The data also demonstrate clear differences between groups of Member States. The Central and Eastern European countries of Poland, Romania and Bulgaria tend to be more highly represented in the lower value-added sectors of the bio-based economy. These sectors also produce many jobs. This indicates a strong agricultural sector that tends to be labour-intensive compared to the high value-added sectors. In comparison, Western and Northern European countries generate much higher turnover relative to employment, indicating a larger share of refining and value-added industries. The countries with the highest turnover-to-employment ratios are Finland, Belgium and Sweden.
Looking ahead, it will be interesting to see what the impact of the European Green Deal introduced in 2019 will be on the European bioeconomy.

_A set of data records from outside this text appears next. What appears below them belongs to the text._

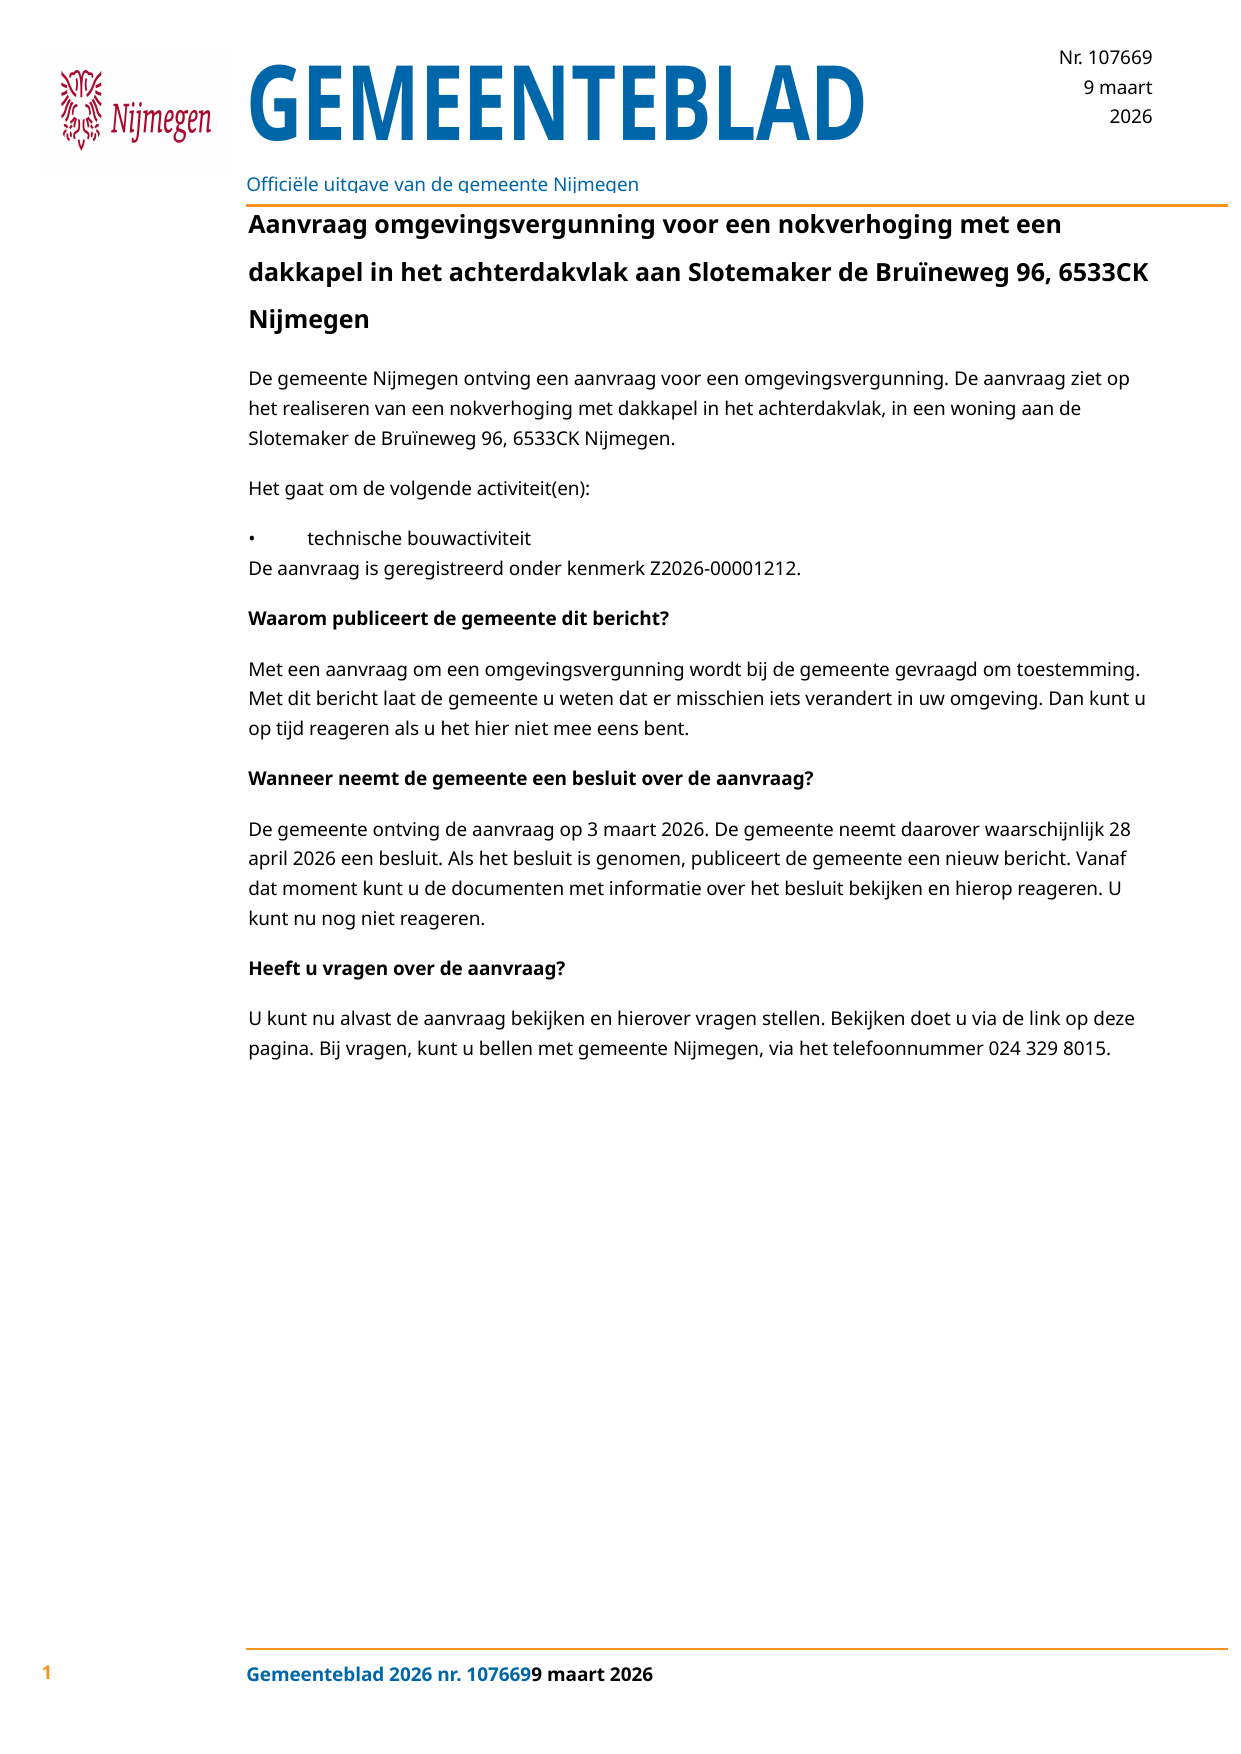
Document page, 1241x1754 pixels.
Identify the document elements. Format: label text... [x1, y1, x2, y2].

text Waarom publiceert de gemeente dit bericht? [248, 606, 1152, 631]
text Aanvraag omgevingsvergunning voor een nokverhoging met een dakkapel in het achterdakvlak aan Slotemaker de Bruïneweg 96, 6533CK Nijmegen [248, 207, 1152, 336]
picture [41, 47, 231, 172]
text Wanneer neemt de gemeente een besluit over de aanvraag? [248, 766, 1152, 791]
text De gemeente Nijmegen ontving een aanvraag voor een omgevingsvergunning. De aanvraag ziet op het realiseren van een nokverhoging met dakkapel in het achterdakvlak, in een woning aan de Slotemaker de Bruïneweg 96, 6533CK Nijmegen. [248, 366, 1152, 450]
text Het gaat om de volgende activiteit(en): [248, 475, 1152, 501]
text De gemeente ontving de aanvraag op 3 maart 2026. De gemeente neemt daarover waarschijnlijk 28 april 2026 een besluit. Als het besluit is genomen, publiceert de gemeente een nieuw bericht. Vanaf dat moment kunt u de documenten met informatie over het besluit bekijken en hierop reageren. U kunt nu nog niet reageren. [248, 816, 1152, 930]
text Heeft u vragen over de aanvraag? [248, 955, 1152, 981]
text U kunt nu alvast de aanvraag bekijken en hierover vragen stellen. Bekijken doet u via de link op deze pagina. Bij vragen, kunt u bellen met gemeente Nijmegen, via het telefoonnummer 024 329 8015. [248, 1006, 1152, 1061]
text De aanvraag is geregistreerd onder kenmerk Z2026-00001212. [248, 555, 1152, 581]
text Met een aanvraag om een omgevingsvergunning wordt bij de gemeente gevraagd om toestemming. Met dit bericht laat de gemeente u weten dat er misschien iets verandert in uw omgeving. Dan kunt u op tijd reageren als u het hier niet mee eens bent. [248, 656, 1152, 741]
list technische bouwactiviteit [248, 526, 1152, 551]
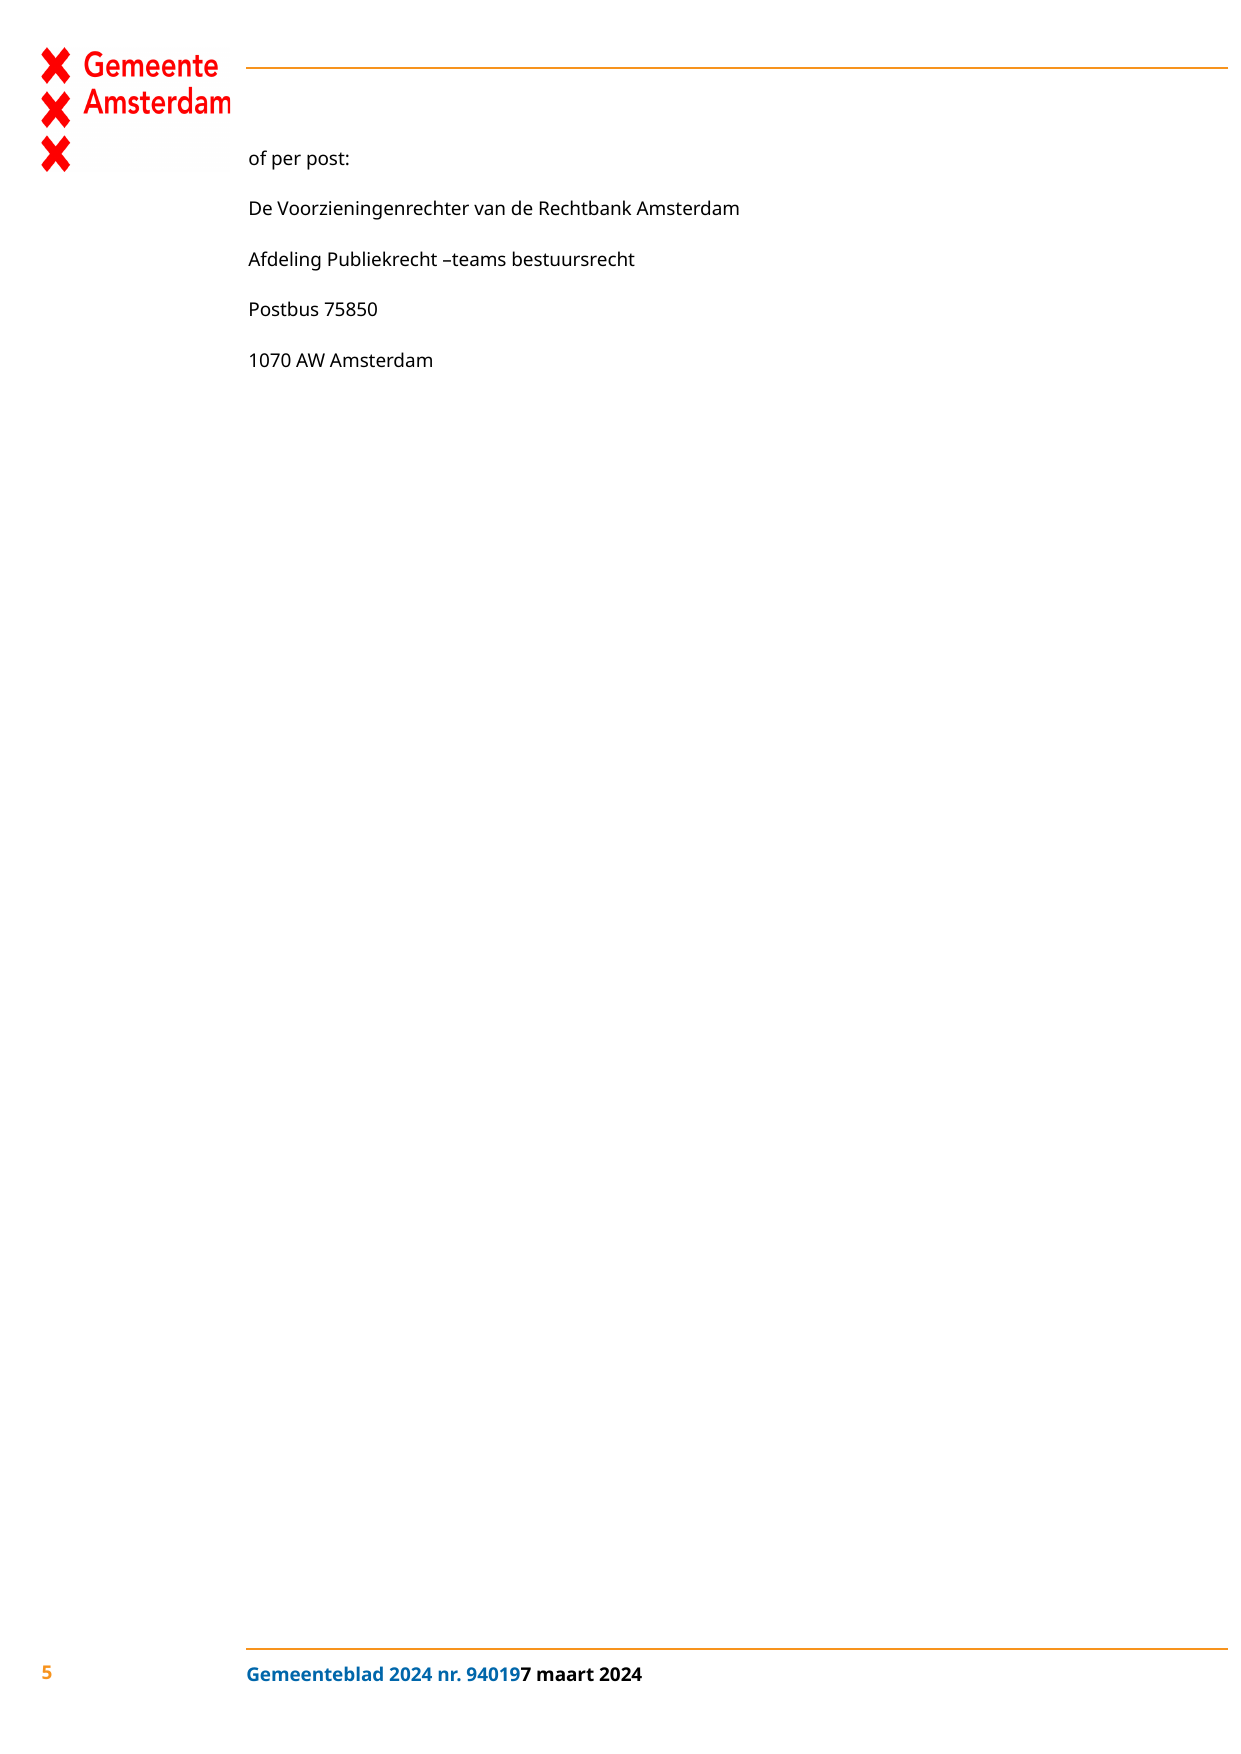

In general, the policy framework in which the bioeconomy operates is subject to continual revisions, changes and even additional measures.
In July of this year, for example, the European Commission adopted a package of proposals to make the EU's climate, energy, land use, transport and taxation policies fit for reducing net greenhouse gas emissions by at least 55% by 2030, compared to 1990 levels, introducing significant changes within its regulatory framework. How these changes will affect the bioeconomy and whether the slow but steady growth of the bioeconomy in the EU will continue or even be accelerated will be tracked and published in future reports.
The first report in this series on the growth of the European bioeconomy was commissioned by the Bio-based Industries Consortium (BIC) in 2017. The Bio-based Industries Consortium (BIC) is the private partner in the 3.7 EUR billion public-private partnership with the EU - the Bio-based Industries Joint Undertaking (BBI JU). It comprises over includes 240 industry members covering the entire value chain, as well as over 200 associate members, including research organisations, academia and trade associations.